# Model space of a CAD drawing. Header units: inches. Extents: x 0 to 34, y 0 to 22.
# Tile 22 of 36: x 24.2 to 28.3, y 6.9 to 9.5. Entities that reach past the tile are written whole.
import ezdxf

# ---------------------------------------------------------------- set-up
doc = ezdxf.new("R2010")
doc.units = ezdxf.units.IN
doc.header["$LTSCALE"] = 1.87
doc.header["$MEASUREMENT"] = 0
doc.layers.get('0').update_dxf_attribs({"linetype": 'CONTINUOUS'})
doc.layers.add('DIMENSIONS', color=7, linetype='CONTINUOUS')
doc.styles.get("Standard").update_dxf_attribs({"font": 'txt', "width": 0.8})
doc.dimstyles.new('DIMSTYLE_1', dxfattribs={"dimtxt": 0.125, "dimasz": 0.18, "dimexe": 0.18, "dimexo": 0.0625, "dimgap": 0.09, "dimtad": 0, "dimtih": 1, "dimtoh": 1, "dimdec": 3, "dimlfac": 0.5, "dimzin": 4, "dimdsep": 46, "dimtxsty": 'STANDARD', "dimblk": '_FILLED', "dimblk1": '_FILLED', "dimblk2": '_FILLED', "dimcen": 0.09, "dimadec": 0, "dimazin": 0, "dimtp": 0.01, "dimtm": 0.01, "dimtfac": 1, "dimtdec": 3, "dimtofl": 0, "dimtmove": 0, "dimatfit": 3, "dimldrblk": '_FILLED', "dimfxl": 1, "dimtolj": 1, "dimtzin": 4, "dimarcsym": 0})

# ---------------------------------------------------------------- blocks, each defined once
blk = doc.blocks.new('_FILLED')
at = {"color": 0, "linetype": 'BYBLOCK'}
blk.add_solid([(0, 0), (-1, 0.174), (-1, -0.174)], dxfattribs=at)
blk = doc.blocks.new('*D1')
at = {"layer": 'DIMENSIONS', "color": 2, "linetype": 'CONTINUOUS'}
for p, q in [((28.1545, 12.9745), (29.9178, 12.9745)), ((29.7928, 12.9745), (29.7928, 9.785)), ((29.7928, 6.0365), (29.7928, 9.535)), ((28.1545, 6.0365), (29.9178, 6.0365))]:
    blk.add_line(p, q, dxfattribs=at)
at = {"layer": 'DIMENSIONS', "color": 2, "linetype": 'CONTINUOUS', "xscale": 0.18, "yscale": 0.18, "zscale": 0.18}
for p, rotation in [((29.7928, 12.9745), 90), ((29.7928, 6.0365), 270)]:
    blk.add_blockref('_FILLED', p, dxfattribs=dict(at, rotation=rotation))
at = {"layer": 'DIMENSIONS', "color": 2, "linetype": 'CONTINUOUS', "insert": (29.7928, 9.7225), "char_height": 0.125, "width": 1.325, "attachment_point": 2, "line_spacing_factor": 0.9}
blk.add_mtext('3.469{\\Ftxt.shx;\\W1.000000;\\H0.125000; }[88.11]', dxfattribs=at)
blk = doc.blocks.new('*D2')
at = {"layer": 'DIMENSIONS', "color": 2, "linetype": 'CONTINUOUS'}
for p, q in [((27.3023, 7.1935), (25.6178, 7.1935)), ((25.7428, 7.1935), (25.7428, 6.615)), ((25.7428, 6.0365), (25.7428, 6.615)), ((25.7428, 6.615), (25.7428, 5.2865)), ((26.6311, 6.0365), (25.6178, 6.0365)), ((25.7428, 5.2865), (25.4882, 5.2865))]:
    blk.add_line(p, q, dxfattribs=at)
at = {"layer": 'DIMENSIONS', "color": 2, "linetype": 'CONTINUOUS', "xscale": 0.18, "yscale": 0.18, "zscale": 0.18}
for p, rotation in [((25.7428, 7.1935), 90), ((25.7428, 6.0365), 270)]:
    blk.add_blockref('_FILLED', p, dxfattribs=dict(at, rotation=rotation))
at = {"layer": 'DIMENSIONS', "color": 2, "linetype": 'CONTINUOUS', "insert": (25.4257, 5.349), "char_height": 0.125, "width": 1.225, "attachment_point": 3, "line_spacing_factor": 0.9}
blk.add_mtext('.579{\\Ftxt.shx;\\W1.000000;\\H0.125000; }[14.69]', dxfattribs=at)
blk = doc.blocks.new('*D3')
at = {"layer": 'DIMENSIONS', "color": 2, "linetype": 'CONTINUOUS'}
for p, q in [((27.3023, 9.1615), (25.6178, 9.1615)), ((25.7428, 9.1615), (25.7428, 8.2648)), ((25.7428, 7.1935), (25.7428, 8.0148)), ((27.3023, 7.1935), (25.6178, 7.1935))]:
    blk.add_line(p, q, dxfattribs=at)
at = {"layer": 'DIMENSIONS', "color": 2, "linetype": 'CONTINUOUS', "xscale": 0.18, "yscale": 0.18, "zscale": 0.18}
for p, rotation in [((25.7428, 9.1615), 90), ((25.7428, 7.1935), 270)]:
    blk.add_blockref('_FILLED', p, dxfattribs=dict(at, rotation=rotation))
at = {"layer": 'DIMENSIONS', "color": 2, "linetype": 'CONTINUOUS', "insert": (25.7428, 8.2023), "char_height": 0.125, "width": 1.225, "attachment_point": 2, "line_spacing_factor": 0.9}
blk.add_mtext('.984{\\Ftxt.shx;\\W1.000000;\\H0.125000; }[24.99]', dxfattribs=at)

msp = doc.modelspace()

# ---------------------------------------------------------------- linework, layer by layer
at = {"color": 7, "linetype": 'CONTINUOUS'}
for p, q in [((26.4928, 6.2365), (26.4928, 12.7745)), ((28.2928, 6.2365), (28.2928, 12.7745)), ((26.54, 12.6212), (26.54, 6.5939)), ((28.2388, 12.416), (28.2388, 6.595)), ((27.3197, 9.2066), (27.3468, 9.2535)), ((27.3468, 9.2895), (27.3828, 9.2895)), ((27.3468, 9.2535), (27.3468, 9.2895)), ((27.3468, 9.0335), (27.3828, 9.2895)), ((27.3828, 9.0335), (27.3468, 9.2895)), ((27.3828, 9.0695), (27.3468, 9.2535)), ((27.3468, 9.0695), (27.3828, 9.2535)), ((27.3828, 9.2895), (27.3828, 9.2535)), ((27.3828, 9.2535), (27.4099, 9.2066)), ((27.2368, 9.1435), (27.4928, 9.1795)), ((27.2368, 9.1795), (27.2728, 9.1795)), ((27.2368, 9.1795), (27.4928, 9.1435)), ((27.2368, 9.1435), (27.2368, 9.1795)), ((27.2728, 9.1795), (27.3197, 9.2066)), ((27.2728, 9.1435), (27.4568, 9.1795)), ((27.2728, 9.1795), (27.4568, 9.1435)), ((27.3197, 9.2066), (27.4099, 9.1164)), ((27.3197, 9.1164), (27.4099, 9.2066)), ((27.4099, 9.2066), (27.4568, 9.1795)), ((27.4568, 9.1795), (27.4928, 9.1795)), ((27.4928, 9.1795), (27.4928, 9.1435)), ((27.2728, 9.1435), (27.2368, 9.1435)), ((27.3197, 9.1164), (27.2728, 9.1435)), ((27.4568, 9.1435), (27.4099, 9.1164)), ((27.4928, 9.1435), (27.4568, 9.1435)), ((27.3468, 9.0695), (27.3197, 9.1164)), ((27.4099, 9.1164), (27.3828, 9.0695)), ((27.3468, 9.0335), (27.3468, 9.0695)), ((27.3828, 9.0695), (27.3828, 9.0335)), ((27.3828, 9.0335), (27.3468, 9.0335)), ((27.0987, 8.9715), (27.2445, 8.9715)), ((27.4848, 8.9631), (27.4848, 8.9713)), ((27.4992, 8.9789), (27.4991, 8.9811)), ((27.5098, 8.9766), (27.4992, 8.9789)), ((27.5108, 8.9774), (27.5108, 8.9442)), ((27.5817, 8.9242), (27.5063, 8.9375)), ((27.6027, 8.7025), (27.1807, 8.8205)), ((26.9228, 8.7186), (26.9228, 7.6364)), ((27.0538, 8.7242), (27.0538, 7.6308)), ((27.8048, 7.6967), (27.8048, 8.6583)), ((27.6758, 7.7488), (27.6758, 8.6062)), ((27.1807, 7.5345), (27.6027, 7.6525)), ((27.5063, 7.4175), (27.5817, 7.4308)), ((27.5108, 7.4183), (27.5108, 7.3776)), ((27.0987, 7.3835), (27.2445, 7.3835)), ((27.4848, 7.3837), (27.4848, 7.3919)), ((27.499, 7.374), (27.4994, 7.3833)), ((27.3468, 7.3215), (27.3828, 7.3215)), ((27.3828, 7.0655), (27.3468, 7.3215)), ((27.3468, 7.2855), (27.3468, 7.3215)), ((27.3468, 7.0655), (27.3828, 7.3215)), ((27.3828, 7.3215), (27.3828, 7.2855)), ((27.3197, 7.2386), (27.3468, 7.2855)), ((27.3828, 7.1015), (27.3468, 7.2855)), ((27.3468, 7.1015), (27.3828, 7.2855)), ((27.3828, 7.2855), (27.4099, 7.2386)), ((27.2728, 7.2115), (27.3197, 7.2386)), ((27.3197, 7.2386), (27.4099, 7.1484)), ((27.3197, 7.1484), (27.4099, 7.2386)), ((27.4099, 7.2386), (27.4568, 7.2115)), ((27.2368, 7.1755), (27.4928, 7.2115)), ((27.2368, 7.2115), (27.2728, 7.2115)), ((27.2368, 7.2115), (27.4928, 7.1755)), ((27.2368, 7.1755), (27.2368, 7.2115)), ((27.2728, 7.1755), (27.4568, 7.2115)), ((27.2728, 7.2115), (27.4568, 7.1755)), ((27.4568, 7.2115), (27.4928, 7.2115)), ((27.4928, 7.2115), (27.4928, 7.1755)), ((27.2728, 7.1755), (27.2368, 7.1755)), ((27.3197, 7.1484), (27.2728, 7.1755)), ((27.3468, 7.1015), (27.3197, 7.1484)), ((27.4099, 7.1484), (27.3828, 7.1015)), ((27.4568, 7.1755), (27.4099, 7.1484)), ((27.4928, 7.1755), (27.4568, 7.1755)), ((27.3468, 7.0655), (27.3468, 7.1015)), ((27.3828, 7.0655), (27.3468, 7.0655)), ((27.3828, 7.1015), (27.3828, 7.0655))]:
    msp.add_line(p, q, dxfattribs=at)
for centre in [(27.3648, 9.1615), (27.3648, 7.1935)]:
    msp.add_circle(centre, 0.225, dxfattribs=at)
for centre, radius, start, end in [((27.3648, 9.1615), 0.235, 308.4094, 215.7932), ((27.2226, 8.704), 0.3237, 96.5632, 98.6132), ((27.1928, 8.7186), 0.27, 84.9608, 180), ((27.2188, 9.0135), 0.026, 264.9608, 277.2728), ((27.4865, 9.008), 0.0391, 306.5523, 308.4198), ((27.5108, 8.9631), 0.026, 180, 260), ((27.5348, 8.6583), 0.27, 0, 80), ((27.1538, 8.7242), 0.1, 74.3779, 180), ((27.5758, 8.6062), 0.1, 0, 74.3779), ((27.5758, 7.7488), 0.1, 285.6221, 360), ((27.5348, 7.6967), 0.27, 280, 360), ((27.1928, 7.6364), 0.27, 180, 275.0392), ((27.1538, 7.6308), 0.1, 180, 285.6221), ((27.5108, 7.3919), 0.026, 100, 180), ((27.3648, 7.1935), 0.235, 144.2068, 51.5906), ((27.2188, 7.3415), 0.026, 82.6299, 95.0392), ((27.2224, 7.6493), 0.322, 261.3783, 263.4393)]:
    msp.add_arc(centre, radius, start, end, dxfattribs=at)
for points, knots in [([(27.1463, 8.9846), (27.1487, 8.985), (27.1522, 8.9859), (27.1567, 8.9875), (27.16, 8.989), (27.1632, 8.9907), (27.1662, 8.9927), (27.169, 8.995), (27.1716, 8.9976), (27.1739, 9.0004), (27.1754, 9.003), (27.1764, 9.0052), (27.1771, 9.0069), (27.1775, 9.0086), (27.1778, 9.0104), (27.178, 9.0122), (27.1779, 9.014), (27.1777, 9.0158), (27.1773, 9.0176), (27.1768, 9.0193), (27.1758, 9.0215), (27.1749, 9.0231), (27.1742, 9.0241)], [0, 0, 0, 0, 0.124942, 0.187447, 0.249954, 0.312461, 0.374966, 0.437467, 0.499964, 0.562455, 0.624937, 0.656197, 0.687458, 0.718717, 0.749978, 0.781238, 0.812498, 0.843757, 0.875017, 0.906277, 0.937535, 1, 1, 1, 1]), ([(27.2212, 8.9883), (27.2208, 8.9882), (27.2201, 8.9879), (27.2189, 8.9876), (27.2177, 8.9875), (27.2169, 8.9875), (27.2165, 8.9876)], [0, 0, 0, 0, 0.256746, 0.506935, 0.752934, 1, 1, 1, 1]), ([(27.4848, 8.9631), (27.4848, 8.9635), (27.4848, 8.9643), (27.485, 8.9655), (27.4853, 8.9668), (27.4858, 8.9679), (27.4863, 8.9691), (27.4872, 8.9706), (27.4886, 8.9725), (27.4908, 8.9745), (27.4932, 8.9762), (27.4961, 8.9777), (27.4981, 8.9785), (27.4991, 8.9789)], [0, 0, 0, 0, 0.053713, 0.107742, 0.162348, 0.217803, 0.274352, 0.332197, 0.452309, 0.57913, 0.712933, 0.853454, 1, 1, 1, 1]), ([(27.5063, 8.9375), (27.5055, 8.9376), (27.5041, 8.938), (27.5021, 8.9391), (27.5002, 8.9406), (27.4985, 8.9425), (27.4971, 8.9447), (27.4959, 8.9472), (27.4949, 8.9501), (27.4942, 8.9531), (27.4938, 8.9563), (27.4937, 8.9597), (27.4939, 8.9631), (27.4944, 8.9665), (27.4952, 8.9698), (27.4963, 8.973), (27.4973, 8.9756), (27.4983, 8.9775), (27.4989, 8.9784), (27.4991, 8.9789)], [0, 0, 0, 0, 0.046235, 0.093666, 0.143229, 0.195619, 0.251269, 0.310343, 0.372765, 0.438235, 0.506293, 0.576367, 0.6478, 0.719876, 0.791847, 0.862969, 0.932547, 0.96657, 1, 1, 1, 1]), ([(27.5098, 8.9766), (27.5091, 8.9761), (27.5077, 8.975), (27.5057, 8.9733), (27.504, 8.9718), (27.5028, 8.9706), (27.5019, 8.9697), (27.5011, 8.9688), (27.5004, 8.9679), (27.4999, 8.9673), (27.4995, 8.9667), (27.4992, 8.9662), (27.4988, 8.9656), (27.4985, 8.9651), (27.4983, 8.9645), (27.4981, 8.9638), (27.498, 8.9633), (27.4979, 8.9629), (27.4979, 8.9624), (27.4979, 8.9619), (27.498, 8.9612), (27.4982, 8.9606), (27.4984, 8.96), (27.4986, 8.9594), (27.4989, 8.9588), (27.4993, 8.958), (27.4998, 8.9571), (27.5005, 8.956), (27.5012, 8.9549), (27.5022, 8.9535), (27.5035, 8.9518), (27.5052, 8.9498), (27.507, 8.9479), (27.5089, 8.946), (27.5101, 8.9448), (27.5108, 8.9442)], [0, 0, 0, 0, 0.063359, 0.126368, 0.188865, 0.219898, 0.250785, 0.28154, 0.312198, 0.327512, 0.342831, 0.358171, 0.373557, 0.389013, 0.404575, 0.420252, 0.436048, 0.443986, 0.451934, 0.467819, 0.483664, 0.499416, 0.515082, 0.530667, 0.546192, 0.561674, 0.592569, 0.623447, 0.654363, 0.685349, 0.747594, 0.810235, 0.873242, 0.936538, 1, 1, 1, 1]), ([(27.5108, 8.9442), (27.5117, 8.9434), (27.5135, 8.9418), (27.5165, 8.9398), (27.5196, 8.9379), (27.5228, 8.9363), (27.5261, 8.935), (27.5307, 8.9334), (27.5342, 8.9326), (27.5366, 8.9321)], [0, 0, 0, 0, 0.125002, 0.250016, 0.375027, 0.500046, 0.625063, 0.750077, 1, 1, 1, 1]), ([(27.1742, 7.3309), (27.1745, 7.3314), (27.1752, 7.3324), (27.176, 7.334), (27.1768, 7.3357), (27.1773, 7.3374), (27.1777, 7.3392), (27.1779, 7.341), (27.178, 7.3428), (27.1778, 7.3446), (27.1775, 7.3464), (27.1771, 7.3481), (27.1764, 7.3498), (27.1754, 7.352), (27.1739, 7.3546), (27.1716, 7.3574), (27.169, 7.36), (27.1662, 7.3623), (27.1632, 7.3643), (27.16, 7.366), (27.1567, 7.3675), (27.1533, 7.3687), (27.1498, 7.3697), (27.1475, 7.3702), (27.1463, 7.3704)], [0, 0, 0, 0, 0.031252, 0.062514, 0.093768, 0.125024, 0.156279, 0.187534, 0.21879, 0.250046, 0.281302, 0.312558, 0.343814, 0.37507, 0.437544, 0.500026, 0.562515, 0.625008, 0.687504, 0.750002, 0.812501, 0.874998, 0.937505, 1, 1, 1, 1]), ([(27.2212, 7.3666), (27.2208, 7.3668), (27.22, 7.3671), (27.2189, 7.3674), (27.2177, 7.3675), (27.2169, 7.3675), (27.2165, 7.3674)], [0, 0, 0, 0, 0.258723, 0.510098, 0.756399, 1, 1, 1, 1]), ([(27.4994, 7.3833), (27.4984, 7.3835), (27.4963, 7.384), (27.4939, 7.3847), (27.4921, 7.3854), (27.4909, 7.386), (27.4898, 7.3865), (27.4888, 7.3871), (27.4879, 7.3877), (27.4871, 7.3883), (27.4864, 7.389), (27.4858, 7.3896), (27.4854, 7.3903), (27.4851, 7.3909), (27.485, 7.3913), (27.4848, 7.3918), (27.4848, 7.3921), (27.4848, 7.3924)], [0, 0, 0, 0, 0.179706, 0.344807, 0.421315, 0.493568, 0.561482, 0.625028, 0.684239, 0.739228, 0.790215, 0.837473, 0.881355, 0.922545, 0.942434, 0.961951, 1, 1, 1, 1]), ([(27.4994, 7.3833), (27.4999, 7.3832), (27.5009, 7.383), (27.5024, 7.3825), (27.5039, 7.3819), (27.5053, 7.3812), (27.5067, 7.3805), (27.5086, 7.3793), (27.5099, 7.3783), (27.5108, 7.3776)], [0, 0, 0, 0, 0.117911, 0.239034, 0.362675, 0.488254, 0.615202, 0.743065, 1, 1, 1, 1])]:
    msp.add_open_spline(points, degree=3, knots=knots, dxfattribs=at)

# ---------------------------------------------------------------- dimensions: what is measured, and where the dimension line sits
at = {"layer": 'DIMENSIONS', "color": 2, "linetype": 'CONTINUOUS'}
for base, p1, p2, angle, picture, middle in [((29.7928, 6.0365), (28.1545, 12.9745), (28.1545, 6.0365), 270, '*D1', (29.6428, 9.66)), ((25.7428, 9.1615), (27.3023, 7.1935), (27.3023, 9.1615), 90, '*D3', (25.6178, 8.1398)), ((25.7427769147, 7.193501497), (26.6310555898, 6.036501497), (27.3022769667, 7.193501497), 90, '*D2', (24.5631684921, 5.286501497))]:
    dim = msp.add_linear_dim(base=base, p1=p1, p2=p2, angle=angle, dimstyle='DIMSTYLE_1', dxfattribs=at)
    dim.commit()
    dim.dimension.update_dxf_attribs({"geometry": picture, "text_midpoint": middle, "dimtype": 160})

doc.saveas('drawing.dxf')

+++++

Your task is to return each line of the data above that contains the string "drawing".

* **Response area**:
# Model space of a CAD drawing. Header units: inches. Extents: x 0 to 34, y 0 to 22.
doc.saveas('drawing.dxf')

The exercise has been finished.